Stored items
--- START ---
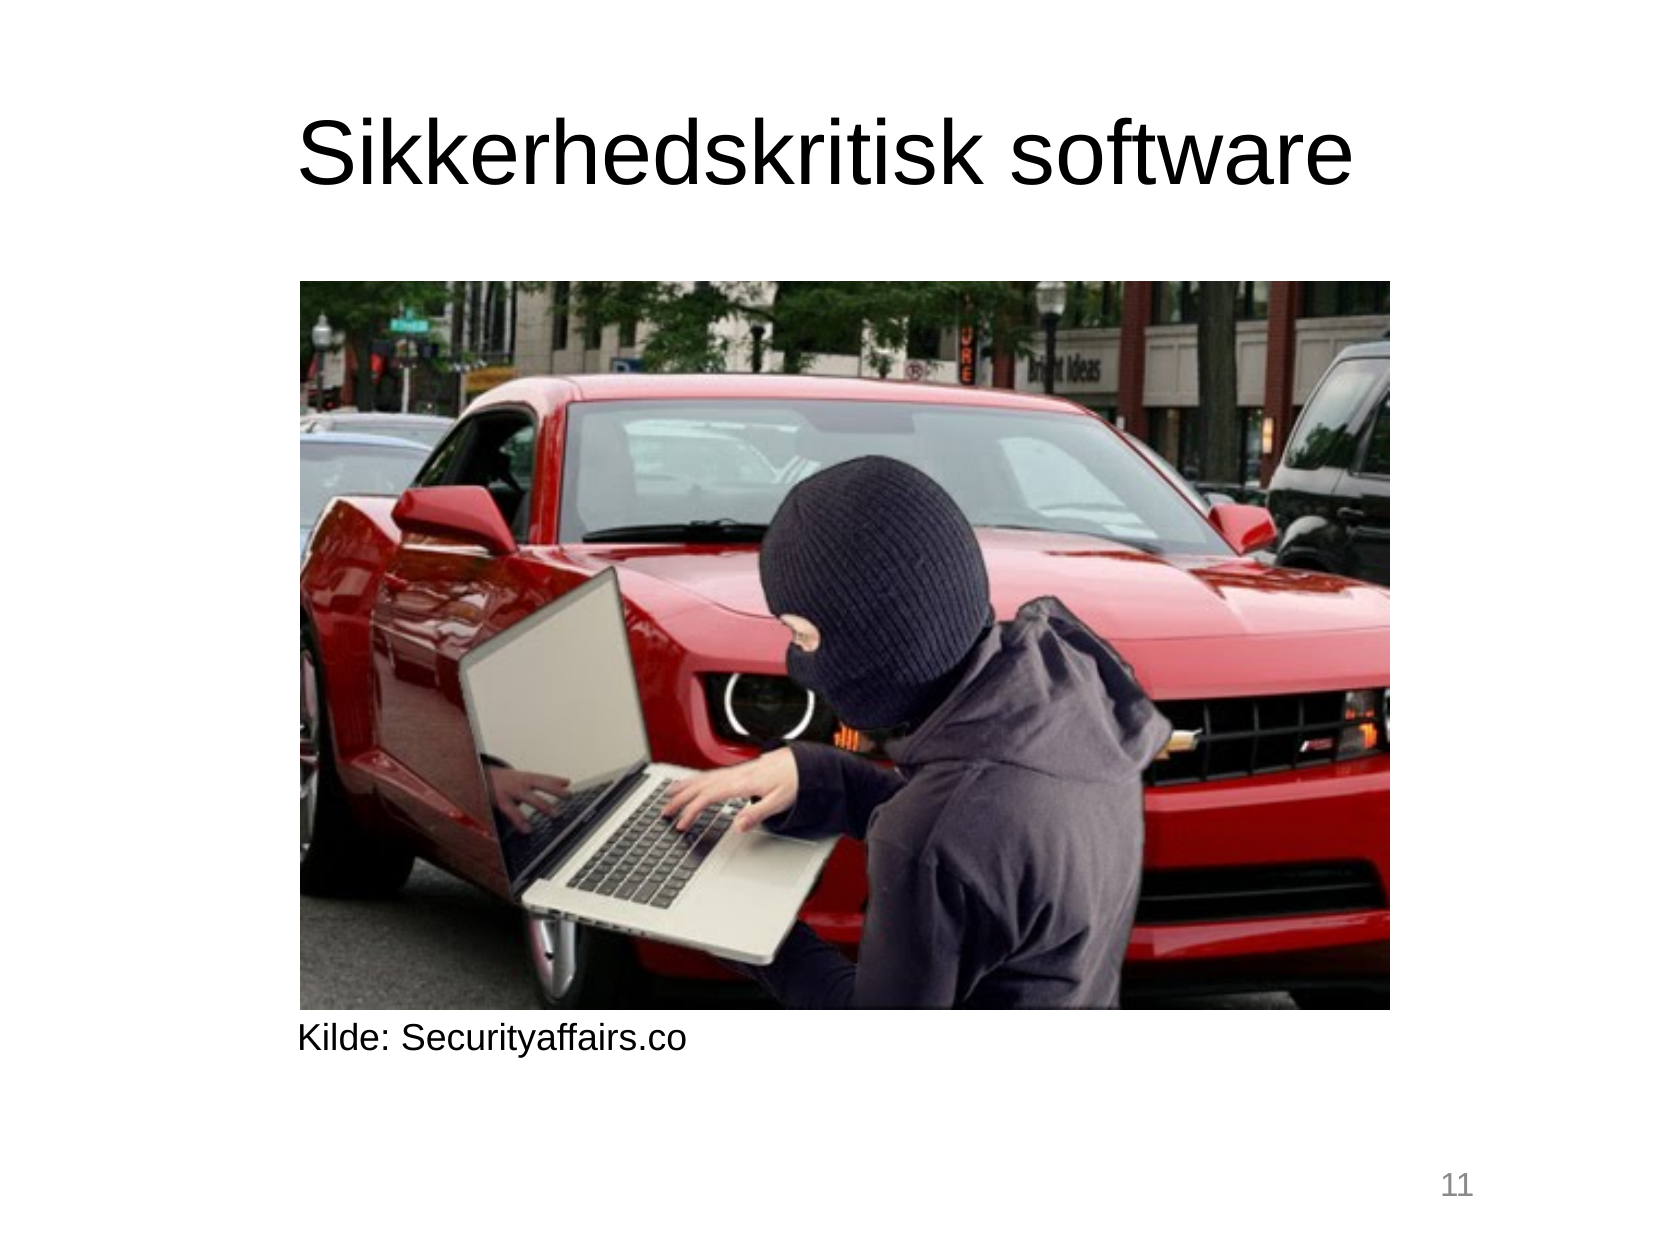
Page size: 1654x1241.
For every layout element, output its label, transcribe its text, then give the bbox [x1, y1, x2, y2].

text_box Kilde: Securityaffairs.co [282, 1009, 781, 1151]
picture [300, 281, 1390, 1010]
title Sikkerhedskritisk software [82, 49, 1571, 257]
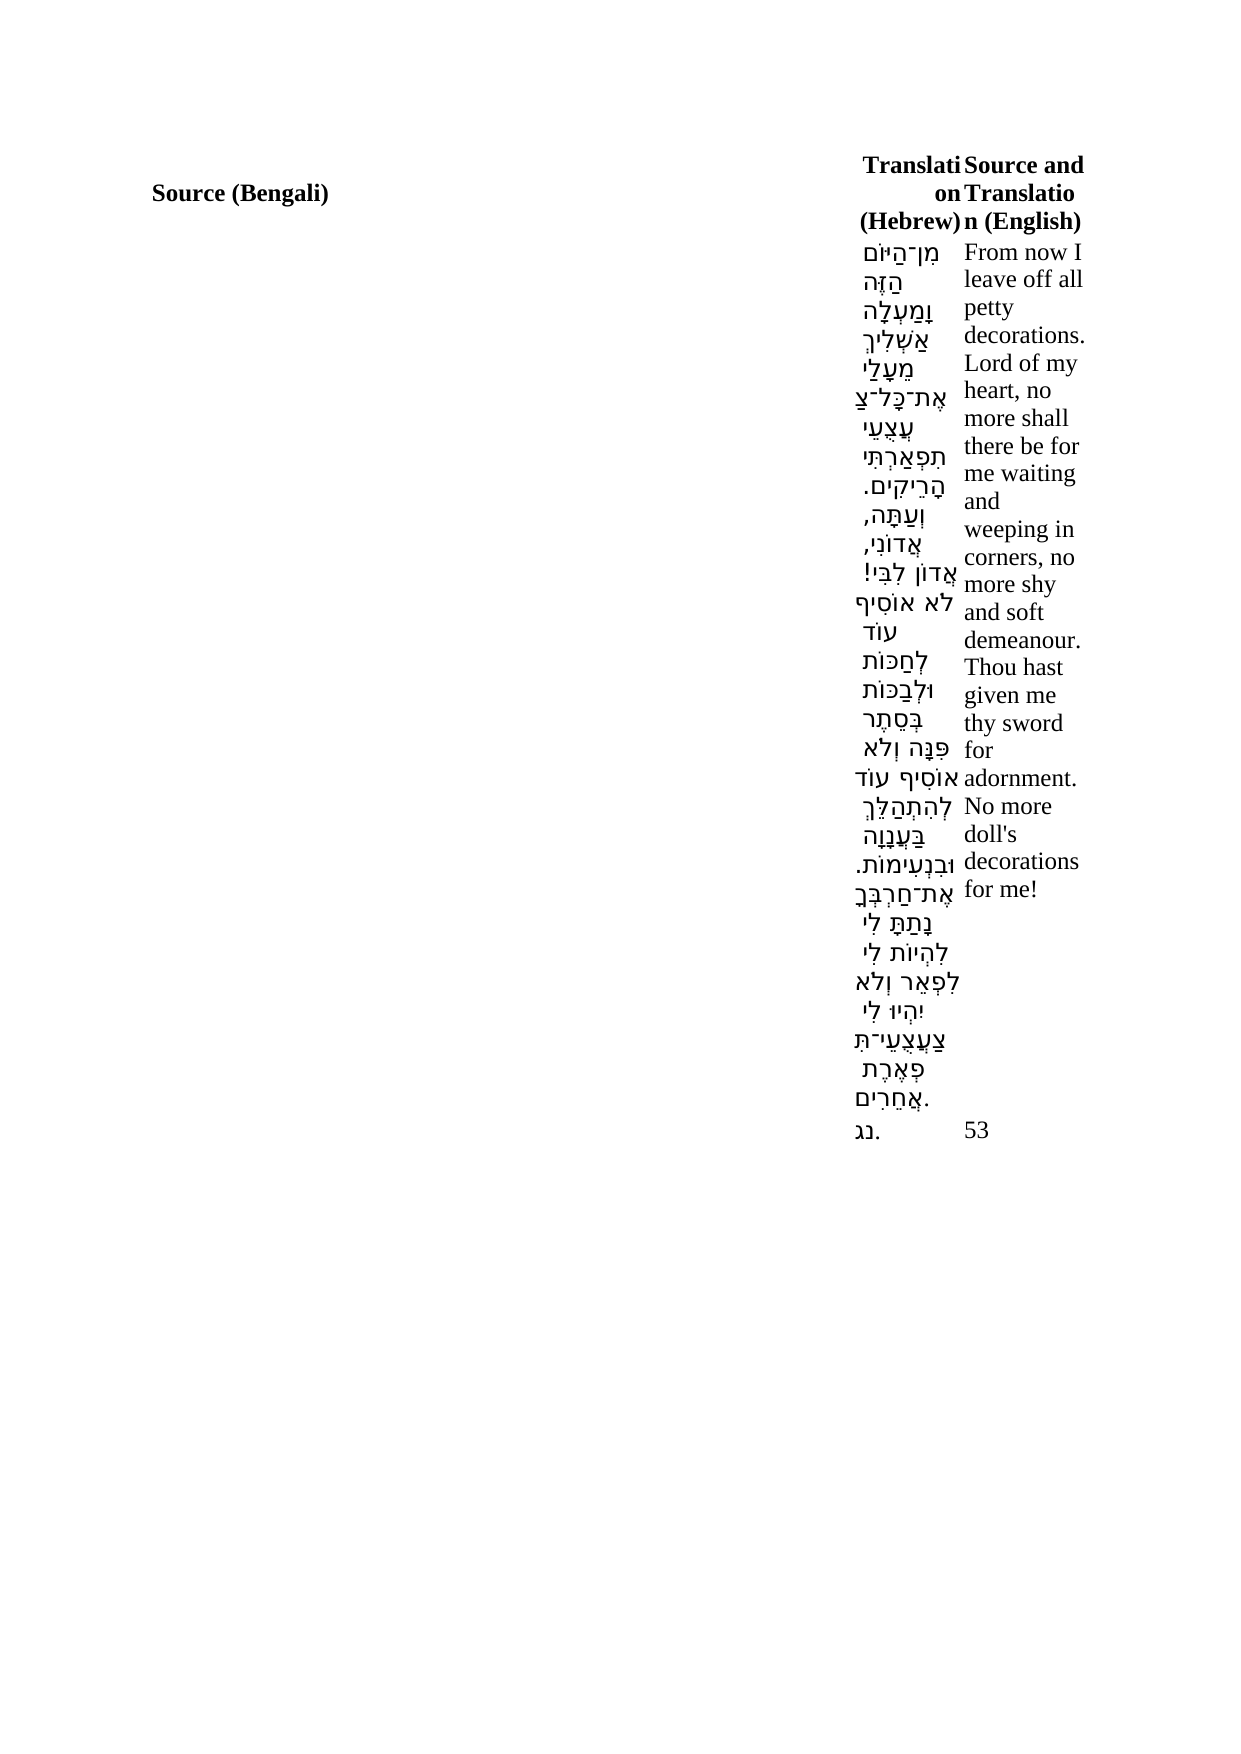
--- END ---
Could you transcribe exactly the lines from the one with "For every layout" through the end of the data, both ends included, and nothing else, skipping the pictures?

## Answer to the problem
For every layout element, output its label, transcribe its text, then give the bbox [x1, y1, x2, y2].

text_box Kilde: Securityaffairs.co [282, 1009, 781, 1151]
picture [300, 281, 1390, 1010]
title Sikkerhedskritisk software [82, 49, 1571, 257]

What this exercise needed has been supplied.